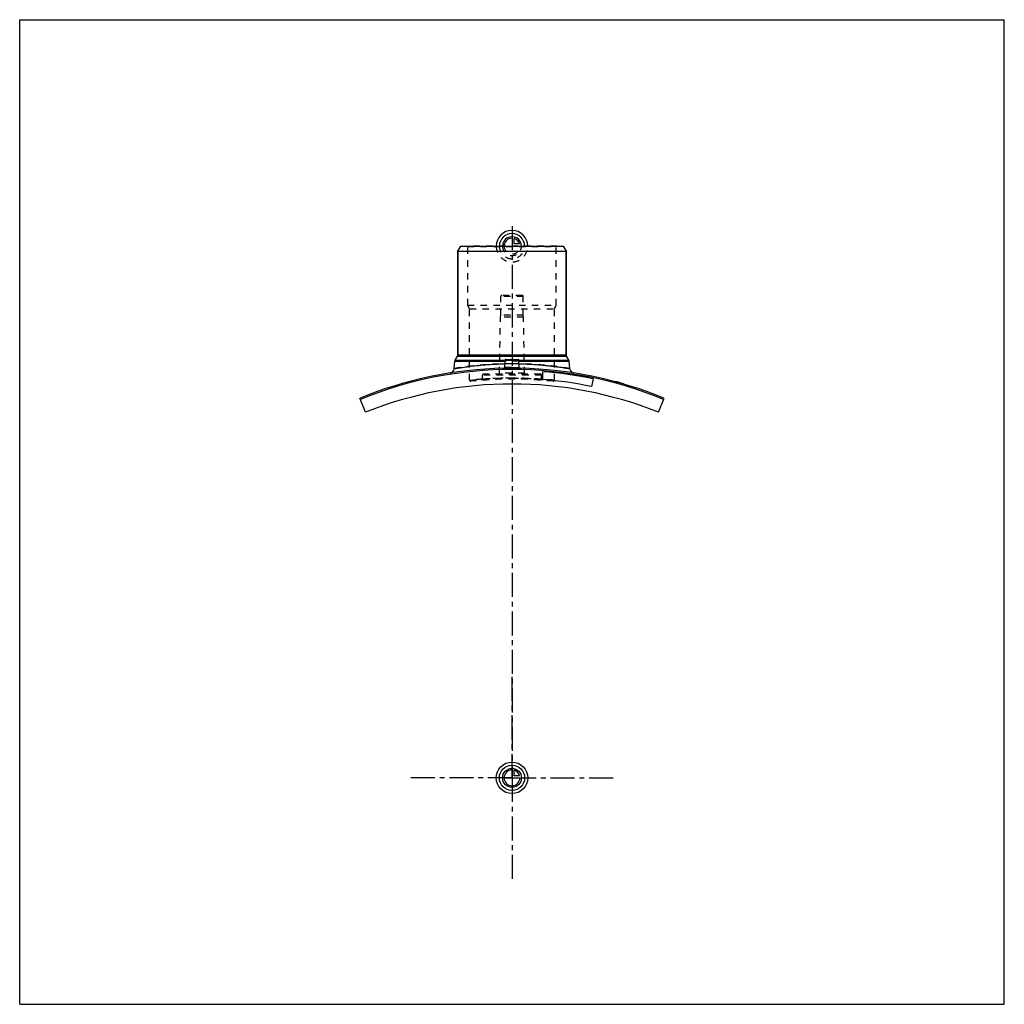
# Model space of a CAD drawing. Header units: millimetres. Extents: x 0 to 1000, y 0 to 1000.
import ezdxf

# ---------------------------------------------------------------- set-up
doc = ezdxf.new("R2010")
doc.units = ezdxf.units.MM
doc.header["$LTSCALE"] = 65.185185
doc.linetypes.add('CENTER', pattern=[0.6, 0.375, -0.075, 0.075, -0.075])
doc.linetypes.add('HIDDEN', pattern=[0.2, 0.1, -0.1])
doc.layers.get('0').update_dxf_attribs({"linetype": 'CONTINUOUS'})
for name, color, linetype in [('ACHSEN_S', 7, 'CONTINUOUS'), ('FASEN', 7, 'CONTINUOUS'), ('KOERPER', 7, 'CONTINUOUS'), ('KONST.EL_MIT_GEO', 7, 'CONTINUOUS'), ('KURVEN', 7, 'CONTINUOUS')]:
    doc.layers.add(name, color=color, linetype=linetype)

msp = doc.modelspace()

# ---------------------------------------------------------------- linework, layer by layer
at = {"color": 7, "linetype": 'Continuous'}
for p, q in [((0, 0), (0, 1000)), ((0, 1000), (1000, 1000)), ((1000, 0), (1000, 1000)), ((0, 0), (1000, 0))]:
    msp.add_line(p, q, dxfattribs=at)
at = {"layer": 'ACHSEN_S', "color": 2, "linetype": 'CENTER'}
msp.add_line((500, 790.2), (500, 209.8), dxfattribs=at)
at = {"layer": 'FASEN', "color": 7, "linetype": 'Continuous'}
for p, q in [((445, 765), (447.9, 770)), ((447.9, 770), (552.1, 770)), ((552.1, 770), (555, 765)), ((445, 765), (555, 765)), ((351.3, 601.3), (345.6, 615.6)), ((648.7, 601.3), (654.4, 615.6))]:
    msp.add_line(p, q, dxfattribs=at)
msp.add_arc((500, 239), 405.7, 67.7088, 112.2912, dxfattribs=at)
at = {"layer": 'KOERPER', "color": 7, "linetype": 'Continuous'}
for p, q in [((445, 659.7), (445, 765)), ((555, 659.7), (555, 765)), ((582.4, 635.2), (580.8, 627.4))]:
    msp.add_line(p, q, dxfattribs=at)
at = {"layer": 'KOERPER', "color": 8, "linetype": 'HIDDEN'}
for p, q in [((488.6, 700), (488.6, 719)), ((511.4, 700), (511.4, 719)), ((488.3, 698), (488.6, 700)), ((511.4, 700), (488.6, 700)), ((511.7, 698), (511.4, 700)), ((487.3, 641), (488.3, 698)), ((511.7, 698), (488.3, 698)), ((512.7, 641), (511.7, 698)), ((470, 634.7), (470, 639)), ((530, 634.7), (530, 639))]:
    msp.add_line(p, q, dxfattribs=at)
at = {"layer": 'KOERPER', "color": 2, "linetype": 'CENTER'}
for q in [(500, 335), (395, 230), (605, 230), (500, 125)]:
    msp.add_line((500, 230), q, dxfattribs=at)
at = {"layer": 'KOERPER', "color": 7, "linetype": 'Continuous'}
msp.add_arc((500, 230), 400, 68.1812, 111.8188, dxfattribs=at)
at = {"layer": 'KONST.EL_MIT_GEO', "color": 8, "linetype": 'HIDDEN'}
for p, q in [((455, 769.5), (454.5, 770)), ((545.5, 770), (454.5, 770)), ((545, 769.5), (545.5, 770)), ((455, 710), (455, 769.5)), ((455, 769.5), (545, 769.5)), ((545, 710), (545, 769.5)), ((510.3, 720), (489.6, 720)), ((457, 706.5), (455, 710)), ((455, 710), (545, 710)), ((511.4, 719), (488.6, 719)), ((543, 706.5), (545, 710)), ((457, 633.8), (457, 706.5)), ((457, 706.5), (543, 706.5)), ((543, 633.8), (543, 706.5)), ((507.1, 653.3), (492.9, 653.3)), ((507, 654.3), (493, 654.3)), ((529, 640), (471, 640)), ((512.7, 641), (487.3, 641)), ((530, 639), (470, 639)), ((470, 634.9), (470, 634.9)), ((530, 634.9), (530, 634.9)), ((605, 632.2), (605.1, 632.5)), ((605.1, 632.5), (605, 632.2)), ((605.1, 632.2), (605.2, 632.5)), ((605.5, 632.1), (605.6, 632.4)), ((605.8, 632), (605.9, 632.3)), ((606, 632), (606.1, 632.2)), ((606, 631.9), (606.1, 632.2)), ((606.2, 631.9), (606, 631.9)), ((606.2, 631.9), (606.3, 632.2)), ((606.4, 631.8), (606.5, 632.1)), ((606.5, 631.8), (606.5, 632.1)), ((606.7, 631.8), (606.8, 632.1)), ((606.8, 631.7), (606.9, 632)), ((607.7, 631.5), (607.8, 631.8)), ((607.8, 631.5), (607.9, 631.8)), ((607.9, 631.4), (607.9, 631.7)), ((608.2, 631.4), (608.3, 631.6)), ((608.7, 631.2), (608.8, 631.5)), ((608.9, 631.2), (608.9, 631.5)), ((608.9, 631.2), (609, 631.4)), ((609.5, 631), (609.6, 631.3)), ((609.7, 630.9), (609.8, 631.2)), ((609.7, 630.9), (609.8, 631.2)), ((611.1, 630.5), (611.2, 630.8)), ((611.6, 630.4), (611.7, 630.7)), ((611.6, 630.4), (611.7, 630.7)), ((611.7, 630.4), (611.8, 630.7)), ((611.9, 630.3), (612, 630.6)), ((612.1, 630.3), (612.1, 630.6)), ((612.4, 630.2), (612.5, 630.4)), ((612.5, 630.2), (612.5, 630.4)), ((612.6, 630.1), (612.6, 630.4))]:
    msp.add_line(p, q, dxfattribs=at)
at = {"layer": 'KONST.EL_MIT_GEO', "color": 7, "linetype": 'Continuous'}
for p, q in [((445, 765), (445, 659.7)), ((555, 765), (555, 659.7)), ((441.3, 645.6), (442, 653.3)), ((442, 653.3), (492.9, 653.3)), ((442.3, 654.3), (444.7, 658.4)), ((442.3, 654.3), (493, 654.3)), ((444.7, 658.4), (555.3, 658.4)), ((445, 659.7), (555, 659.7)), ((492.6, 646.9), (493, 654.1)), ((493, 654.1), (507, 654.1)), ((493.9, 655), (506.1, 655)), ((507, 654.3), (557.7, 654.3)), ((507.4, 646.9), (507, 654.1)), ((507.1, 653.3), (558, 653.3)), ((557.7, 654.3), (555.3, 658.4)), ((558.7, 645.6), (558, 653.3)), ((531.4, 634.4), (531.4, 642.5)), ((604.6, 632.6), (604.5, 632.3)), ((604.8, 632.3), (604.8, 632.6)), ((612.1, 630.3), (612.2, 630.5)), ((613, 630), (613.1, 630.3))]:
    msp.add_line(p, q, dxfattribs=at)
for points in [[(492.6, 646.9), (492.6, 646.8), (492.6, 646.8), (492.5, 646.7), (492.5, 646.6), (492.5, 646.6), (492.5, 646.5), (492.5, 646.4), (492.4, 646.4), (492.4, 646.3), (492.3, 646.3), (492.3, 646.2), (492.2, 646.2), (492.2, 646.1), (492.1, 646.1), (492.1, 646), (492, 646), (491.9, 646), (491.9, 646), (491.8, 645.9), (491.7, 645.9)], [(508.3, 645.9), (508.2, 645.9), (508.1, 646), (508.1, 646), (508, 646), (507.9, 646), (507.9, 646.1), (507.8, 646.1), (507.8, 646.2), (507.7, 646.2), (507.7, 646.3), (507.6, 646.3), (507.6, 646.4), (507.5, 646.4), (507.5, 646.5), (507.5, 646.6), (507.5, 646.6), (507.5, 646.7), (507.4, 646.8), (507.4, 646.8), (507.4, 646.9)]]:
    msp.add_lwpolyline(points, dxfattribs=at)
at = {"layer": 'KONST.EL_MIT_GEO', "color": 8, "linetype": 'HIDDEN'}
for points in [[(470, 634.7), (470, 634.7), (470, 634.6), (470, 634.6), (470, 634.5), (470, 634.4), (469.9, 634.4), (469.9, 634.3), (469.9, 634.3), (469.8, 634.2), (469.8, 634.1), (469.7, 634.1), (469.7, 634), (469.6, 634), (469.6, 633.9), (469.5, 633.9), (469.5, 633.9), (469.4, 633.8), (469.3, 633.8), (469.3, 633.8), (469.2, 633.8), (469.1, 633.8), (469.1, 633.8)], [(530.9, 633.8), (530.9, 633.8), (530.8, 633.8), (530.7, 633.8), (530.7, 633.8), (530.6, 633.8), (530.5, 633.9), (530.5, 633.9), (530.4, 633.9), (530.4, 634), (530.3, 634), (530.3, 634.1), (530.2, 634.1), (530.2, 634.2), (530.1, 634.3), (530.1, 634.3), (530.1, 634.4), (530, 634.4), (530, 634.5), (530, 634.6), (530, 634.6), (530, 634.7), (530, 634.7)]]:
    msp.add_lwpolyline(points, dxfattribs=at)
for centre, radius, start, end in [((489.6, 719), 1, 90, 180), ((510.3, 719), 1, 0, 90), ((500, 300.9), 349.6, 89.9999, 91.186), ((500, 300.7), 349.9, 88.8144, 89.9997), ((471, 639), 1, 90, 180), ((486.3, 641), 1, 270, 359), ((500, 239), 407, 88.8168, 91.1832), ((491.6, 646.9), 0.995, 271.1857, 274.2911), ((491.6, 646.9), 0.995, 354.5118, 356.9854), ((508.4, 646.9), 0.994, 183.0142, 185.1905), ((508.4, 646.9), 0.995, 265.7092, 268.8143), ((513.7, 641), 1, 181, 270), ((529, 639), 1, 0, 90), ((458, 633.8), 1, 180, 275.9386), ((500, 230), 404.9, 84.0613, 95.9387), ((500, 210.5), 425.5, 85.9561, 94.0439), ((500, 210.8), 425.2, 85.7674, 85.9548), ((542, 633.8), 1, 264.0614, 360)]:
    msp.add_arc(centre, radius, start, end, dxfattribs=at)
at = {"layer": 'KONST.EL_MIT_GEO', "color": 7, "linetype": 'Continuous'}
for centre, radius, start, end in [((444.4, 653), 2.5, 150, 175), ((442.5, 659.7), 2.5, 330, 360), ((493.9, 654), 1, 90, 177), ((506.1, 654), 1, 3, 90), ((557.5, 659.7), 2.5, 180, 210), ((555.6, 653), 2.5, 5, 30), ((500, 239), 407, 91.1832, 112.2897), ((436.3, 646), 5, 278.9175, 355), ((491.6, 646.9), 1, 271.1984, 356.9897), ((508.4, 646.9), 1, 183.0103, 268.8016), ((500, 239), 407, 67.7103, 88.8168), ((500, 239), 404.7, 78.25, 85.55), ((563.7, 646), 5, 185, 261.0825), ((500, 239), 396.7, 78.25, 85.4601), ((500, 239), 407.3, 73.88, 75.1185)]:
    msp.add_arc(centre, radius, start, end, dxfattribs=at)
at = {"layer": 'KONST.EL_MIT_GEO', "color": 8, "linetype": 'HIDDEN'}
for points, knots in [([(500, 650.6), (496.2, 650.6), (488.7, 650.4), (479.5, 650), (472.5, 649.5), (467.5, 649.1), (462.9, 648.6), (458.7, 648.1), (454.8, 647.6), (451.4, 647.2), (448.8, 646.8), (447, 646.5), (445.8, 646.4), (444.8, 646.2), (443.9, 646), (443.1, 645.9), (442.5, 645.8), (442.2, 645.8), (441.9, 645.7), (441.7, 645.7), (441.6, 645.7), (441.5, 645.6), (441.4, 645.6), (441.3, 645.6), (441.3, 645.6), (441.3, 645.6), (441.3, 645.6), (441.3, 645.6)], [0, 0, 0, 0, 0.19382, 0.38034, 0.46867, 0.55259, 0.63132, 0.70411, 0.77026, 0.82911, 0.88005, 0.90239, 0.92255, 0.94048, 0.95613, 0.96945, 0.9804, 0.98498, 0.98896, 0.99233, 0.99509, 0.99723, 0.99877, 0.99931, 0.99969, 0.99992, 1, 1, 1, 1]), ([(558.7, 645.6), (558.3, 645.7), (557.5, 645.8), (556, 646.1), (553, 646.5), (548.1, 647.3), (540.9, 648.2), (532.2, 649.1), (518.3, 650.2), (507.5, 650.6), (500, 650.6)], [0, 0, 0, 0, 0.0196, 0.04387, 0.07745, 0.1709, 0.2959, 0.44743, 0.61969, 1, 1, 1, 1]), ([(500, 645.3), (499.5, 645.3), (498.4, 645.3), (496.8, 645.3), (495.4, 645.4), (494.1, 645.4), (493.1, 645.5), (492.3, 645.6), (491.9, 645.7), (491.7, 645.8), (491.6, 645.9), (491.6, 645.9)], [0, 0, 0, 0, 0.19282, 0.37821, 0.54911, 0.69902, 0.82239, 0.9148, 0.97346, 0.99015, 1, 1, 1, 1]), ([(500, 646.9), (499.5, 646.9), (498.6, 646.9), (497.2, 646.9), (495.9, 646.9), (494.8, 646.9), (494, 646.9), (493.5, 646.9), (493.2, 646.9), (492.9, 646.9), (492.7, 646.9), (492.6, 646.9), (492.6, 646.9), (492.6, 646.9)], [0, 0, 0, 0, 0.19503, 0.38256, 0.55542, 0.70697, 0.83136, 0.88184, 0.92382, 0.95691, 0.98077, 0.99518, 1, 1, 1, 1]), ([(492.6, 646.9), (492.6, 646.9), (492.6, 646.9), (492.7, 646.9), (492.9, 646.9), (493.2, 646.9), (493.5, 646.9), (494, 646.9), (494.8, 646.9), (495.9, 646.9), (497.2, 646.9), (498.6, 646.9), (499.5, 646.9), (500, 646.9)], [0, 0, 0, 0, 0.00482, 0.01923, 0.04309, 0.07618, 0.11816, 0.16863, 0.29303, 0.44458, 0.61744, 0.80497, 1, 1, 1, 1]), ([(500, 646.9), (500.5, 646.9), (501.4, 646.9), (502.8, 646.9), (504.1, 646.9), (505.2, 646.9), (506, 646.9), (506.5, 646.9), (506.8, 646.9), (507.1, 646.9), (507.3, 646.9), (507.4, 646.9), (507.4, 646.9), (507.4, 646.9)], [0, 0, 0, 0, 0.19503, 0.38256, 0.55542, 0.70697, 0.83136, 0.88184, 0.92382, 0.95691, 0.98077, 0.99518, 1, 1, 1, 1]), ([(457, 633.8), (457, 633.8), (457, 633.8), (457.1, 633.8), (457.1, 633.8), (457.2, 633.8), (457.3, 633.8), (457.5, 633.8), (457.9, 633.8), (458.3, 633.9), (458.9, 633.9), (459.5, 634), (460.6, 634.1), (462.2, 634.3), (464.4, 634.4), (466.9, 634.6), (469.7, 634.9), (472.8, 635.1), (477.5, 635.3), (483.7, 635.6), (491.7, 635.9), (500, 636), (508.3, 635.9), (516.3, 635.6), (522.5, 635.3), (527.2, 635.1), (530.3, 634.9), (533.1, 634.6), (535.6, 634.4), (537.8, 634.3), (539.4, 634.1), (540.5, 634), (541.1, 633.9), (541.7, 633.9), (542.1, 633.8), (542.5, 633.8), (542.7, 633.8), (542.8, 633.8), (542.9, 633.8), (542.9, 633.8), (543, 633.8), (543, 633.8), (543, 633.8)], [0, 0, 0, 0, 0.00015, 0.00061, 0.00136, 0.00242, 0.00378, 0.00544, 0.00965, 0.01505, 0.02162, 0.02935, 0.03821, 0.05924, 0.08452, 0.11378, 0.14675, 0.1831, 0.2225, 0.30886, 0.40256, 0.5, 0.59744, 0.69114, 0.7775, 0.8169, 0.85325, 0.88622, 0.91548, 0.94076, 0.96179, 0.97065, 0.97838, 0.98495, 0.99035, 0.99456, 0.99622, 0.99758, 0.99864, 0.99939, 0.99985, 1, 1, 1, 1]), ([(470, 634.9), (469, 634.8), (467.2, 634.7), (464.6, 634.5), (462.4, 634.3), (460.7, 634.1), (459.6, 634), (458.9, 633.9), (458.4, 633.9), (457.9, 633.8), (457.6, 633.8), (457.3, 633.8), (457.2, 633.8), (457.1, 633.8), (457.1, 633.8), (457, 633.8), (457, 633.8), (457, 633.8)], [0, 0, 0, 0, 0.22434, 0.42363, 0.59587, 0.7393, 0.79974, 0.85245, 0.89728, 0.93413, 0.96289, 0.97421, 0.98349, 0.99071, 0.99587, 0.99897, 1, 1, 1, 1]), ([(500, 635.9), (498, 635.9), (494.2, 635.9), (488.7, 635.8), (484.3, 635.6), (481, 635.5), (478.9, 635.3), (476.9, 635.2), (475.1, 635.1), (473.6, 635), (472.5, 634.9), (471.8, 634.9), (471.3, 634.9), (470.9, 634.8), (470.6, 634.8), (470.3, 634.8), (470.2, 634.8), (470.1, 634.8), (470, 634.8), (470, 634.8), (470, 634.7), (470, 634.7)], [0, 0, 0, 0, 0.19496, 0.38243, 0.55522, 0.63402, 0.70674, 0.77266, 0.83116, 0.88167, 0.9237, 0.9414, 0.95683, 0.96995, 0.98073, 0.98915, 0.99517, 0.99728, 0.99879, 0.9997, 1, 1, 1, 1]), ([(470, 634.7), (470.2, 634.8), (471, 634.8), (472.6, 635), (475.4, 635.1), (479.1, 635.4), (483.5, 635.6), (490.6, 635.9), (496.2, 635.9), (500, 635.9)], [0, 0, 0, 0, 0.01927, 0.0763, 0.16884, 0.29327, 0.44478, 0.61758, 1, 1, 1, 1]), ([(530, 634.7), (529.8, 634.8), (529, 634.8), (527.4, 635), (524.6, 635.1), (520.9, 635.4), (516.5, 635.6), (509.4, 635.9), (503.8, 635.9), (500, 635.9)], [0, 0, 0, 0, 0.01927, 0.0763, 0.16884, 0.29327, 0.44478, 0.61758, 1, 1, 1, 1]), ([(500, 635.9), (502, 635.9), (505.8, 635.9), (511.3, 635.8), (515.7, 635.6), (519, 635.5), (521.1, 635.3), (523.1, 635.2), (524.9, 635.1), (526.4, 635), (527.5, 634.9), (528.2, 634.9), (528.7, 634.9), (529.1, 634.8), (529.4, 634.8), (529.7, 634.8), (529.8, 634.8), (529.9, 634.8), (530, 634.8), (530, 634.8), (530, 634.7), (530, 634.7)], [0, 0, 0, 0, 0.19496, 0.38243, 0.55522, 0.63402, 0.70674, 0.77266, 0.83116, 0.88167, 0.9237, 0.9414, 0.95683, 0.96995, 0.98073, 0.98915, 0.99517, 0.99728, 0.99879, 0.9997, 1, 1, 1, 1]), ([(543, 633.8), (543, 633.8), (543, 633.8), (542.9, 633.8), (542.9, 633.8), (542.8, 633.8), (542.5, 633.8), (542.2, 633.8), (541.8, 633.9), (541.3, 633.9), (540.7, 634), (539.7, 634.1), (538.2, 634.2), (536.2, 634.4), (533.9, 634.6), (532.3, 634.7), (531.4, 634.8)], [0, 0, 0, 0, 0.00103, 0.00411, 0.00923, 0.01641, 0.03689, 0.06549, 0.10214, 0.14677, 0.19926, 0.25949, 0.40261, 0.57482, 0.77454, 1, 1, 1, 1])]:
    msp.add_open_spline(points, degree=3, knots=knots, dxfattribs=at)
at = {"layer": 'KONST.EL_MIT_GEO', "color": 7, "linetype": 'Continuous'}
for points, knots in [([(441.3, 645.6), (441.6, 645.7), (442.3, 645.8), (443.6, 646), (446.1, 646.4), (450.3, 647), (456.5, 647.9), (464.2, 648.8), (476.4, 649.9), (486.1, 650.4), (492.8, 650.5)], [0, 0, 0, 0, 0.01897, 0.04249, 0.0751, 0.16617, 0.2888, 0.43872, 0.61099, 1, 1, 1, 1]), ([(507.2, 650.5), (510.7, 650.4), (517.4, 650.2), (525.6, 649.7), (531.8, 649.1), (536.1, 648.7), (540.1, 648.3), (543.8, 647.8), (547.1, 647.4), (550.1, 647), (552.3, 646.6), (553.8, 646.4), (554.8, 646.2), (555.7, 646.1), (556.5, 646), (557.2, 645.9), (557.6, 645.8), (558, 645.7), (558.2, 645.7), (558.3, 645.7), (558.5, 645.7), (558.6, 645.6), (558.6, 645.6), (558.7, 645.6), (558.7, 645.6), (558.7, 645.6), (558.7, 645.6), (558.7, 645.6)], [0, 0, 0, 0, 0.19994, 0.38903, 0.47763, 0.5613, 0.63937, 0.71121, 0.77622, 0.83384, 0.88355, 0.9053, 0.92491, 0.94232, 0.95751, 0.97042, 0.98103, 0.98547, 0.98931, 0.99258, 0.99525, 0.99732, 0.99881, 0.99933, 0.9997, 0.99993, 1, 1, 1, 1]), ([(491.6, 645.9), (491.6, 645.9), (491.6, 645.9), (491.7, 645.8), (491.7, 645.8)], [0, 0, 0, 0, 0.1911, 1, 1, 1, 1]), ([(491.7, 645.8), (491.7, 645.8), (491.8, 645.7), (492.2, 645.7), (492.7, 645.6), (493.5, 645.5), (494.6, 645.4), (495.8, 645.3), (497.6, 645.3), (499, 645.3), (500, 645.3)], [0, 0, 0, 0, 0.01856, 0.04427, 0.11719, 0.21739, 0.34204, 0.48739, 0.64895, 1, 1, 1, 1]), ([(492.6, 646.9), (492.6, 646.8), (492.6, 646.8), (492.7, 646.7), (492.9, 646.6), (493.2, 646.6), (493.5, 646.5), (494, 646.5), (494.8, 646.4), (495.9, 646.3), (497.2, 646.2), (498.6, 646.2), (499.5, 646.2), (500, 646.2)], [0, 0, 0, 0, 0.01057, 0.02741, 0.05242, 0.08596, 0.12796, 0.17814, 0.30131, 0.45109, 0.62191, 0.80724, 1, 1, 1, 1]), ([(500, 646.2), (500.5, 646.2), (501.4, 646.2), (502.8, 646.2), (504.1, 646.3), (505.2, 646.4), (506, 646.5), (506.5, 646.5), (506.8, 646.6), (507.1, 646.6), (507.3, 646.7), (507.4, 646.8), (507.4, 646.8), (507.4, 646.9)], [0, 0, 0, 0, 0.19276, 0.37809, 0.54891, 0.69869, 0.82186, 0.87204, 0.91404, 0.94758, 0.97259, 0.98943, 1, 1, 1, 1]), ([(500, 645.3), (500.5, 645.3), (501.5, 645.3), (503, 645.3), (504.4, 645.3), (505.6, 645.4), (506.6, 645.5), (507.3, 645.6), (507.8, 645.7), (508, 645.7), (508.2, 645.8), (508.3, 645.8), (508.4, 645.8)], [0, 0, 0, 0, 0.18294, 0.35967, 0.52423, 0.6711, 0.79544, 0.89329, 0.93133, 0.9618, 0.9846, 1, 1, 1, 1]), ([(508.4, 645.8), (508.4, 645.8), (508.4, 645.9), (508.4, 645.9), (508.4, 645.9)], [0, 0, 0, 0, 0.29954, 1, 1, 1, 1])]:
    msp.add_open_spline(points, degree=3, knots=knots, dxfattribs=at)
at = {"layer": 'KONST.EL_MIT_GEO', "color": 8, "linetype": 'HIDDEN'}
msp.add_open_spline([(508.4, 645.9), (508.4, 645.9), (508.4, 645.9), (508.4, 645.8)], degree=3, dxfattribs=at)
at = {"layer": 'KURVEN', "color": 8, "linetype": 'HIDDEN'}
msp.add_line((490.4, 770), (508, 770), dxfattribs=at)
at = {"layer": 'KURVEN', "color": 40, "linetype": 'Continuous'}
for p, q in [((500, 779.6), (500, 770)), ((502.2, 772.2), (502.2, 777.7)), ((507.7, 772.2), (502.2, 772.2)), ((490.4, 230), (508, 230)), ((500, 239.6), (500, 230)), ((502.2, 232.2), (502.2, 237.7)), ((507.7, 232.2), (502.2, 232.2))]:
    msp.add_line(p, q, dxfattribs=at)
for radius in [16, 12.8, 9.6]:
    msp.add_circle((500, 230), radius, dxfattribs=at)
for centre, radius, start, end in [((500, 770), 16, 0, 180), ((500, 770), 12.8, 0, 180), ((500, 770), 9.6, 0, 180.0001), ((500, 770), 8, 90, 180.0001), ((500, 770), 8, 15.962, 74.038), ((500, 230), 8, 90, 360), ((500, 230), 8, 15.962, 74.038)]:
    msp.add_arc(centre, radius, start, end, dxfattribs=at)
at = {"layer": 'KURVEN', "color": 8, "linetype": 'HIDDEN'}
for radius, start in [(16, 180), (12.8, 180), (9.6, 180.0001), (8, 180.0001)]:
    msp.add_arc((500, 770), radius, start, 360, dxfattribs=at)

doc.saveas('drawing.dxf')

★ ★ ★ ★ ★ ★ ★

A single number is required: how many lines in the material above include the string "FASEN".

2